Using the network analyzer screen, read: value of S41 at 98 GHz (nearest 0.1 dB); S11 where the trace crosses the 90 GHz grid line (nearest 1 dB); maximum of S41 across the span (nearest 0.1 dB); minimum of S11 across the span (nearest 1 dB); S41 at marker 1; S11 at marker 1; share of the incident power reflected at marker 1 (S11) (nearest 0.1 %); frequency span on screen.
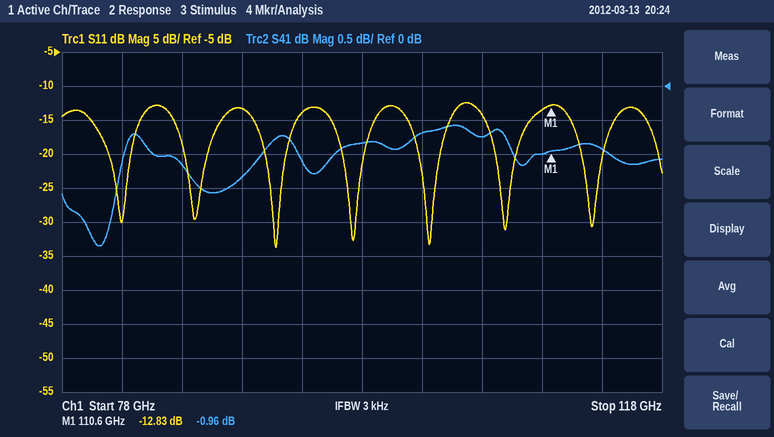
-0.8 dB
-13 dB
-0.6 dB
-34 dB
-0.96 dB
-12.83 dB
5.2 %
40 GHz
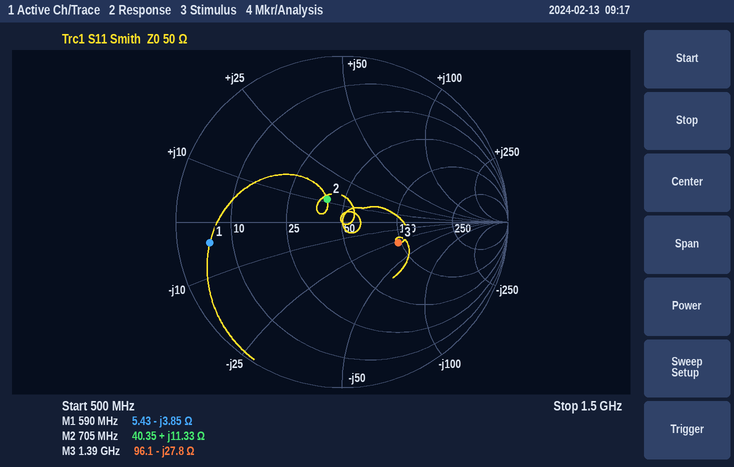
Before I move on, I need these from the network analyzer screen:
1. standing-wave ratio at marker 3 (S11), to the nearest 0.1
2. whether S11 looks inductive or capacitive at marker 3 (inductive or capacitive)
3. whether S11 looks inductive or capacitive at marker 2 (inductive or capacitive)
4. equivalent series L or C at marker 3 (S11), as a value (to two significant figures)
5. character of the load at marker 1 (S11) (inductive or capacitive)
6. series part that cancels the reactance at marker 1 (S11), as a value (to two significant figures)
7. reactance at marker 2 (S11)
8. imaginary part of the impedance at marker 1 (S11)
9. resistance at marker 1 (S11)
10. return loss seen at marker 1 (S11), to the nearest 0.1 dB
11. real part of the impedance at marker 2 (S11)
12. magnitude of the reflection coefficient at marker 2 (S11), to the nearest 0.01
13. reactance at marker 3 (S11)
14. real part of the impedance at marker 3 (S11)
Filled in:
2.1
capacitive
inductive
4.1 pF
capacitive
1.0 nH
+11.33 Ω
-3.85 Ω
5.43 Ω
1.9 dB
40.35 Ω
0.16
-27.8 Ω
96.1 Ω
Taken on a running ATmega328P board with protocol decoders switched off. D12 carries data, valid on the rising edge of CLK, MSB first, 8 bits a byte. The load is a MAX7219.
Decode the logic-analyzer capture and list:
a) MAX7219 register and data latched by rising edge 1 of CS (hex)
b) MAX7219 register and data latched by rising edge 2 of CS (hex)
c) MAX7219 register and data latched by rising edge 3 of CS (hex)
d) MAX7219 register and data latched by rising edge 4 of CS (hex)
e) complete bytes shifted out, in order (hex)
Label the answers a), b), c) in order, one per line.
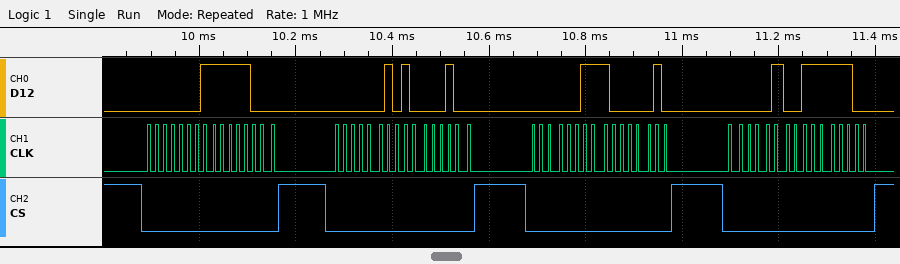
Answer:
a) register 0x1, data 0xF8
b) register 0x2, data 0x84
c) register 0x3, data 0x82
d) register 0x4, data 0xFC
e) 0x01 0xF8 0x02 0x84 0x03 0x82 0x04 0xFC
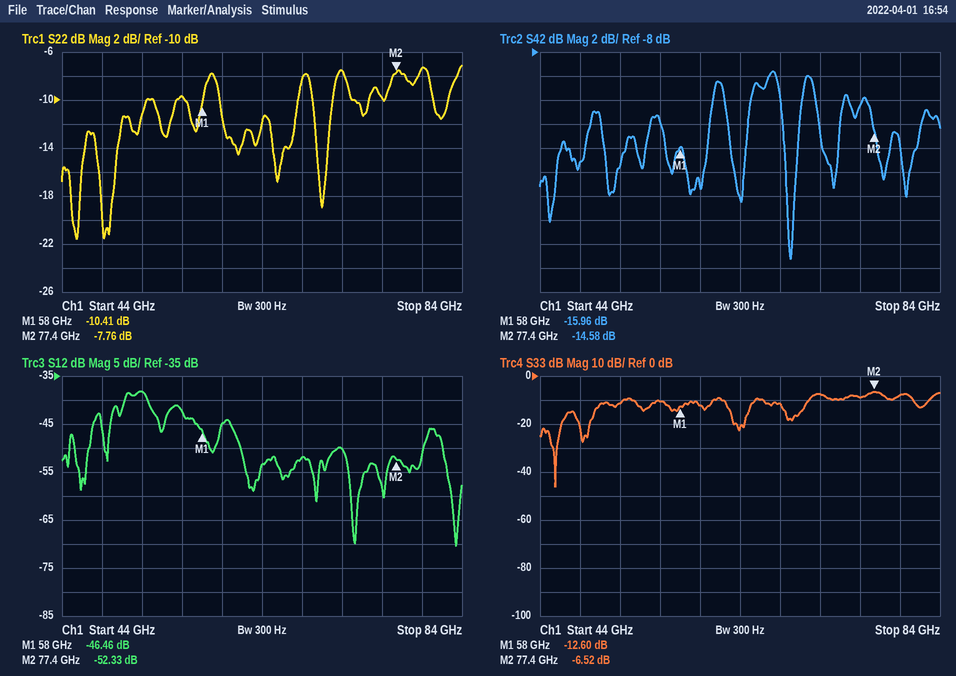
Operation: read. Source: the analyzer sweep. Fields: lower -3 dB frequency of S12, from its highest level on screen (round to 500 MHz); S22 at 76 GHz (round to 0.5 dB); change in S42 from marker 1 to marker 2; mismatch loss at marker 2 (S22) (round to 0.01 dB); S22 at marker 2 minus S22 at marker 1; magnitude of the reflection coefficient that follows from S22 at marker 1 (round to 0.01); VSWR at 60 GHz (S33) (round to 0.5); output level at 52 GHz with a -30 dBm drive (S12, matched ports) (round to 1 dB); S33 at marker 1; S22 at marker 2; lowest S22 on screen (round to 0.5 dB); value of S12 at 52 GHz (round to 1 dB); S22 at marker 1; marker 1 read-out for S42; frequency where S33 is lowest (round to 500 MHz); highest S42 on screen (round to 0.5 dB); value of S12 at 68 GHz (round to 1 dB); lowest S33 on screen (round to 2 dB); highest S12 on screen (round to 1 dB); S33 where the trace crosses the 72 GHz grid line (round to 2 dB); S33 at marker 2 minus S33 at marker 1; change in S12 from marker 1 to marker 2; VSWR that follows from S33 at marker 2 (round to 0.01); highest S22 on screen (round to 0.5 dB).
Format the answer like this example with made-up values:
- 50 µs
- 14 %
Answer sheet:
- 50.0 GHz
- -10.0 dB
- 1.38 dB
- 0.80 dB
- 2.65 dB
- 0.30
- 1.5
- -68 dBm
- -12.60 dB
- -7.76 dB
- -21.5 dB
- -38 dB
- -10.41 dB
- -15.96 dB
- 45.5 GHz
- -9.5 dB
- -52 dB
- -46 dB
- -38 dB
- -8 dB
- 6.08 dB
- -5.87 dB
- 2.79
- -7.0 dB
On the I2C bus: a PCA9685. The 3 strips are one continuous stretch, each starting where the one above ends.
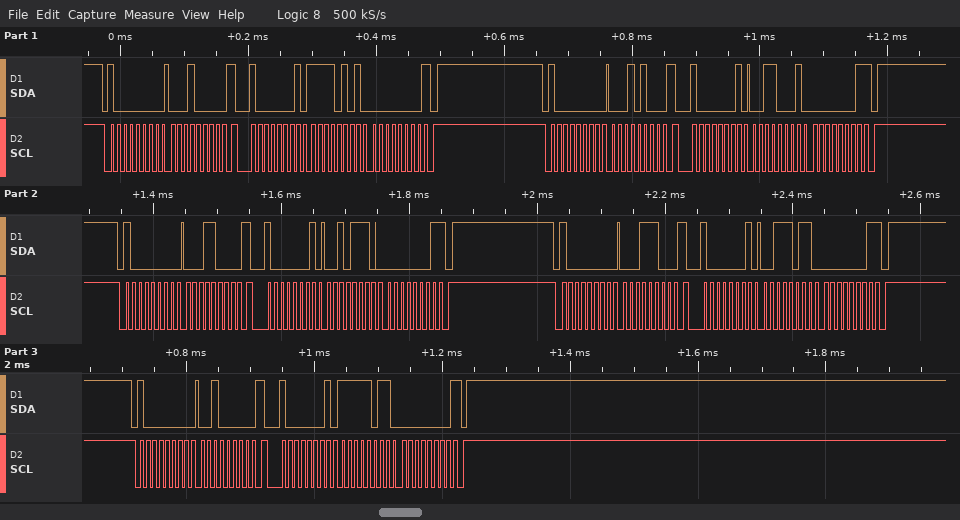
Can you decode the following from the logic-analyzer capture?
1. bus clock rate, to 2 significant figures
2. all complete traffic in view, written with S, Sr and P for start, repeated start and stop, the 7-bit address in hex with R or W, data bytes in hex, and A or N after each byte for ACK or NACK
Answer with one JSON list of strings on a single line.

["100 kHz", "S 40W A 10 A Sr 40R A F5 A 00 N P S 40W A 14 A Sr 40R A 31 A 01 N P S 40W A 18 A Sr 40R A 2E A 01 N P S 40W A 1C A Sr 40R A 3B A 01 N P S 40W A 20 A Sr 40R A FB A 00 N P"]
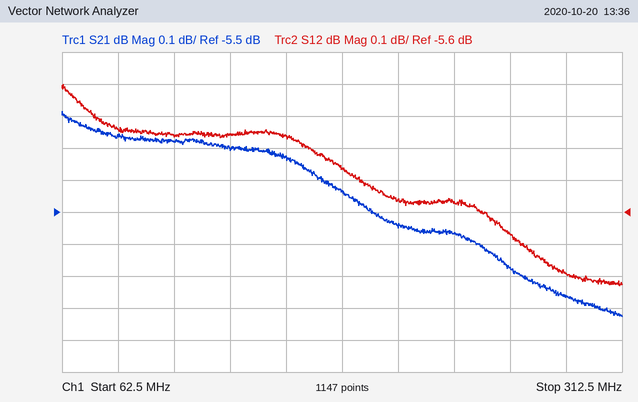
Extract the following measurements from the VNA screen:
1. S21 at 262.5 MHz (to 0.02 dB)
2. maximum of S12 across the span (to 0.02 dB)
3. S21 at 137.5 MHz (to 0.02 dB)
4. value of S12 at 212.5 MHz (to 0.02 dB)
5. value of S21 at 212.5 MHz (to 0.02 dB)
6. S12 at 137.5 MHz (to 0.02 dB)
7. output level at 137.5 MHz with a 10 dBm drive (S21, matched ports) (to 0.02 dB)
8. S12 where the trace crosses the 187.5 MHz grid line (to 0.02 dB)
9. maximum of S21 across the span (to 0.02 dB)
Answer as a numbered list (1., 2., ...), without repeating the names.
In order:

▸ **What you have to do**: Restate the data above word for word. Do not include the images.

▸ **Reply**:
Using the network analyzer screen, read: value of S41 at 98 GHz (nearest 0.1 dB); S11 where the trace crosses the 90 GHz grid line (nearest 1 dB); maximum of S41 across the span (nearest 0.1 dB); minimum of S11 across the span (nearest 1 dB); S41 at marker 1; S11 at marker 1; share of the incident power reflected at marker 1 (S11) (nearest 0.1 %); frequency span on screen.
-0.8 dB
-13 dB
-0.6 dB
-34 dB
-0.96 dB
-12.83 dB
5.2 %
40 GHz
Before I move on, I need these from the network analyzer screen:
1. standing-wave ratio at marker 3 (S11), to the nearest 0.1
2. whether S11 looks inductive or capacitive at marker 3 (inductive or capacitive)
3. whether S11 looks inductive or capacitive at marker 2 (inductive or capacitive)
4. equivalent series L or C at marker 3 (S11), as a value (to two significant figures)
5. character of the load at marker 1 (S11) (inductive or capacitive)
6. series part that cancels the reactance at marker 1 (S11), as a value (to two significant figures)
7. reactance at marker 2 (S11)
8. imaginary part of the impedance at marker 1 (S11)
9. resistance at marker 1 (S11)
10. return loss seen at marker 1 (S11), to the nearest 0.1 dB
11. real part of the impedance at marker 2 (S11)
12. magnitude of the reflection coefficient at marker 2 (S11), to the nearest 0.01
13. reactance at marker 3 (S11)
14. real part of the impedance at marker 3 (S11)
Filled in:
2.1
capacitive
inductive
4.1 pF
capacitive
1.0 nH
+11.33 Ω
-3.85 Ω
5.43 Ω
1.9 dB
40.35 Ω
0.16
-27.8 Ω
96.1 Ω
Taken on a running ATmega328P board with protocol decoders switched off. D12 carries data, valid on the rising edge of CLK, MSB first, 8 bits a byte. The load is a MAX7219.
Decode the logic-analyzer capture and list:
a) MAX7219 register and data latched by rising edge 1 of CS (hex)
b) MAX7219 register and data latched by rising edge 2 of CS (hex)
c) MAX7219 register and data latched by rising edge 3 of CS (hex)
d) MAX7219 register and data latched by rising edge 4 of CS (hex)
e) complete bytes shifted out, in order (hex)
Label the answers a), b), c) in order, one per line.
Answer:
a) register 0x1, data 0xF8
b) register 0x2, data 0x84
c) register 0x3, data 0x82
d) register 0x4, data 0xFC
e) 0x01 0xF8 0x02 0x84 0x03 0x82 0x04 0xFC
Operation: read. Source: the analyzer sweep. Fields: lower -3 dB frequency of S12, from its highest level on screen (round to 500 MHz); S22 at 76 GHz (round to 0.5 dB); change in S42 from marker 1 to marker 2; mismatch loss at marker 2 (S22) (round to 0.01 dB); S22 at marker 2 minus S22 at marker 1; magnitude of the reflection coefficient that follows from S22 at marker 1 (round to 0.01); VSWR at 60 GHz (S33) (round to 0.5); output level at 52 GHz with a -30 dBm drive (S12, matched ports) (round to 1 dB); S33 at marker 1; S22 at marker 2; lowest S22 on screen (round to 0.5 dB); value of S12 at 52 GHz (round to 1 dB); S22 at marker 1; marker 1 read-out for S42; frequency where S33 is lowest (round to 500 MHz); highest S42 on screen (round to 0.5 dB); value of S12 at 68 GHz (round to 1 dB); lowest S33 on screen (round to 2 dB); highest S12 on screen (round to 1 dB); S33 where the trace crosses the 72 GHz grid line (round to 2 dB); S33 at marker 2 minus S33 at marker 1; change in S12 from marker 1 to marker 2; VSWR that follows from S33 at marker 2 (round to 0.01); highest S22 on screen (round to 0.5 dB).
Format the answer like this example with made-up values:
- 50 µs
- 14 %
Answer sheet:
- 50.0 GHz
- -10.0 dB
- 1.38 dB
- 0.80 dB
- 2.65 dB
- 0.30
- 1.5
- -68 dBm
- -12.60 dB
- -7.76 dB
- -21.5 dB
- -38 dB
- -10.41 dB
- -15.96 dB
- 45.5 GHz
- -9.5 dB
- -52 dB
- -46 dB
- -38 dB
- -8 dB
- 6.08 dB
- -5.87 dB
- 2.79
- -7.0 dB
On the I2C bus: a PCA9685. The 3 strips are one continuous stretch, each starting where the one above ends.
Can you decode the following from the logic-analyzer capture?
1. bus clock rate, to 2 significant figures
2. all complete traffic in view, written with S, Sr and P for start, repeated start and stop, the 7-bit address in hex with R or W, data bytes in hex, and A or N after each byte for ACK or NACK
Answer with one JSON list of strings on a single line.

["100 kHz", "S 40W A 10 A Sr 40R A F5 A 00 N P S 40W A 14 A Sr 40R A 31 A 01 N P S 40W A 18 A Sr 40R A 2E A 01 N P S 40W A 1C A Sr 40R A 3B A 01 N P S 40W A 20 A Sr 40R A FB A 00 N P"]
Extract the following measurements from the VNA screen:
1. S21 at 262.5 MHz (to 0.02 dB)
2. maximum of S12 across the span (to 0.02 dB)
3. S21 at 137.5 MHz (to 0.02 dB)
4. value of S12 at 212.5 MHz (to 0.02 dB)
5. value of S21 at 212.5 MHz (to 0.02 dB)
6. S12 at 137.5 MHz (to 0.02 dB)
7. output level at 137.5 MHz with a 10 dBm drive (S21, matched ports) (to 0.02 dB)
8. S12 where the trace crosses the 187.5 MHz grid line (to 0.02 dB)
9. maximum of S21 across the span (to 0.02 dB)
Answer as a numbered list (1., 2., ...), without repeating the names.
In order:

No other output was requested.